# Sericea lespedeza



## NHTS110 (Jul 19, 2008)

Was wondering---any one familiar with? It is taking over some of our older fields. Any food value? I think I read it is a pest here in Missouri. It is 2-3 ft. tall but under is much grass, clover, summer lespedeza, and ladino, but there is so much of the Sericea not sure to cut or brush hog.


----------



## downtownjr (Apr 8, 2008)

Here is a link to the KSU folks to your west...they talk aout it. Hope it helps. Most folks want it gone...it will take over.

http://www.oznet.ksu.edu/library/crpsl2/mf2408.pdf


----------



## Guest (Aug 11, 2008)

In Indiana it is used in pastures. It is a natural dewormer for grazing livestock. It is a legume, but doesn't make great hay as it has a lot of leaf shatter, but does have some feed value if grazed.

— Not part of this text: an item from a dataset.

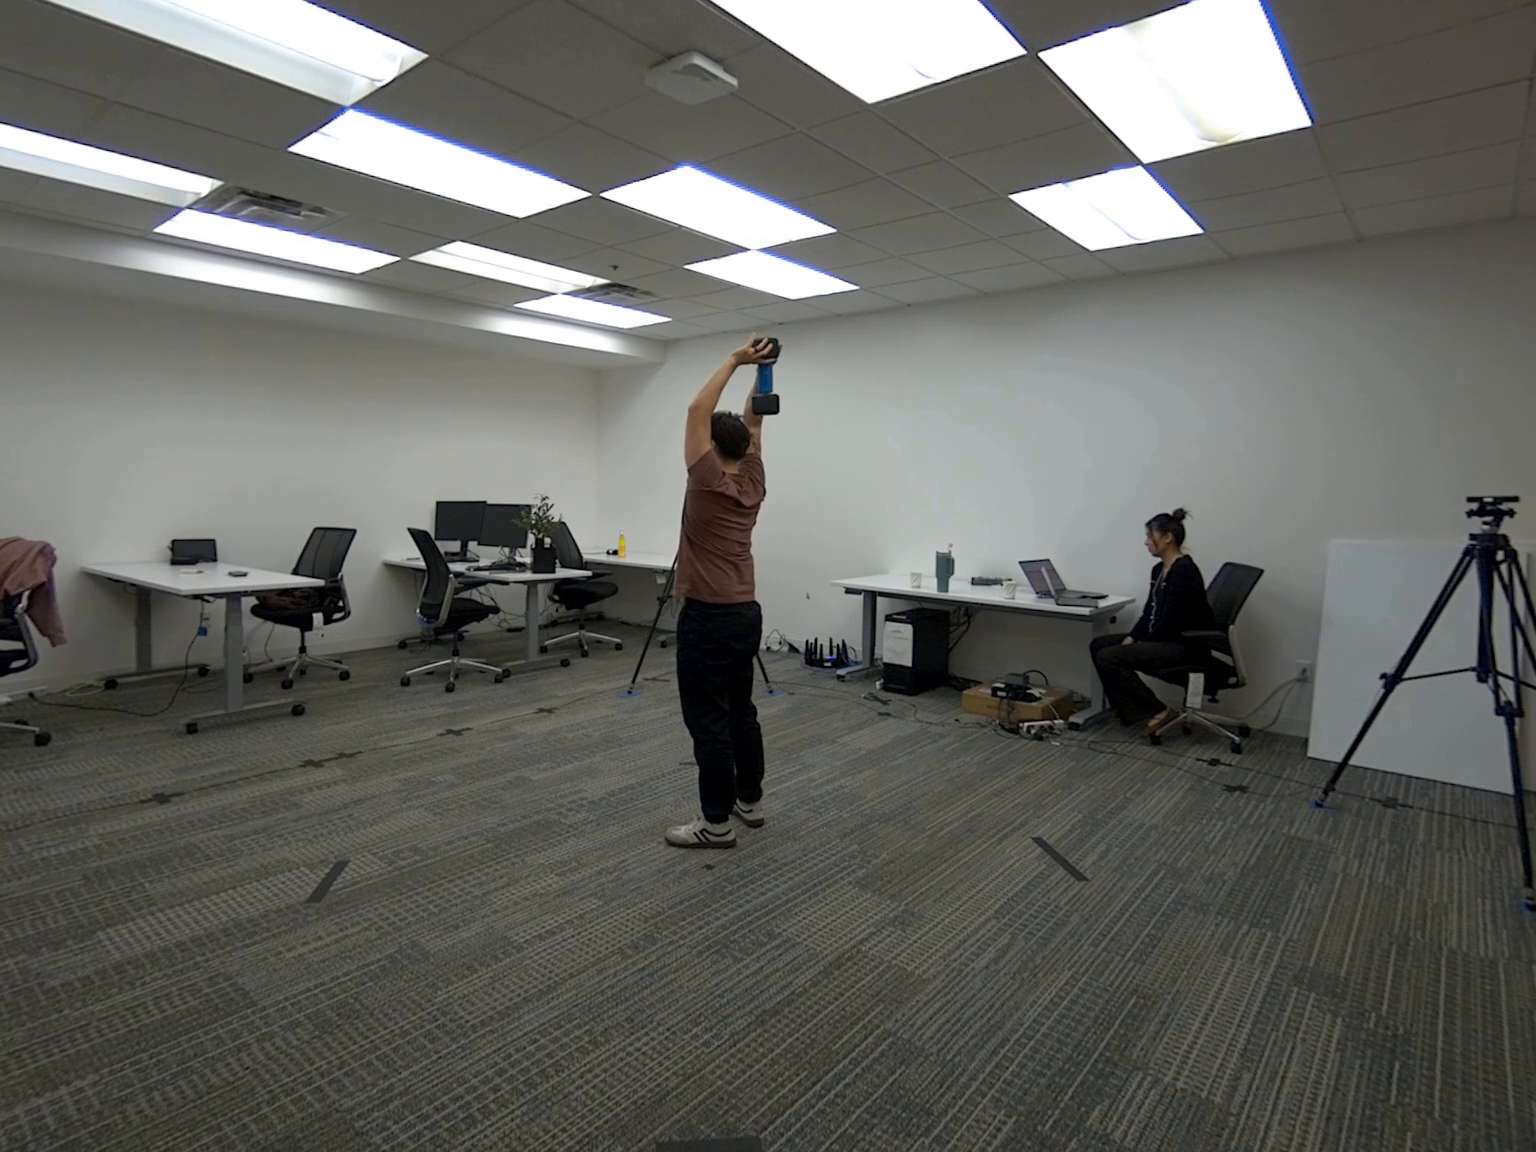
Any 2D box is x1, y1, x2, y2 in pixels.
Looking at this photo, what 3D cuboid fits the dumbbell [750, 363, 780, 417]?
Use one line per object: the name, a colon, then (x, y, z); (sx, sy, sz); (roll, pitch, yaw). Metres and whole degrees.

They used it out west as cover along highways to control erosion and I guess there is something in the soil out there it likes and grows well enough to outlaw it. In Indiana it isn't problem in pastures as it does die out over time.

HHH


----------



## hvy 1ton (Aug 22, 2008)

Well, It's 130 in the morning, but last time i checked it is considered a noxious weed in KS. I had to go spray a bunch of it this summer. Every time i'm in MO, i see it and musk thistles everywhere.


----------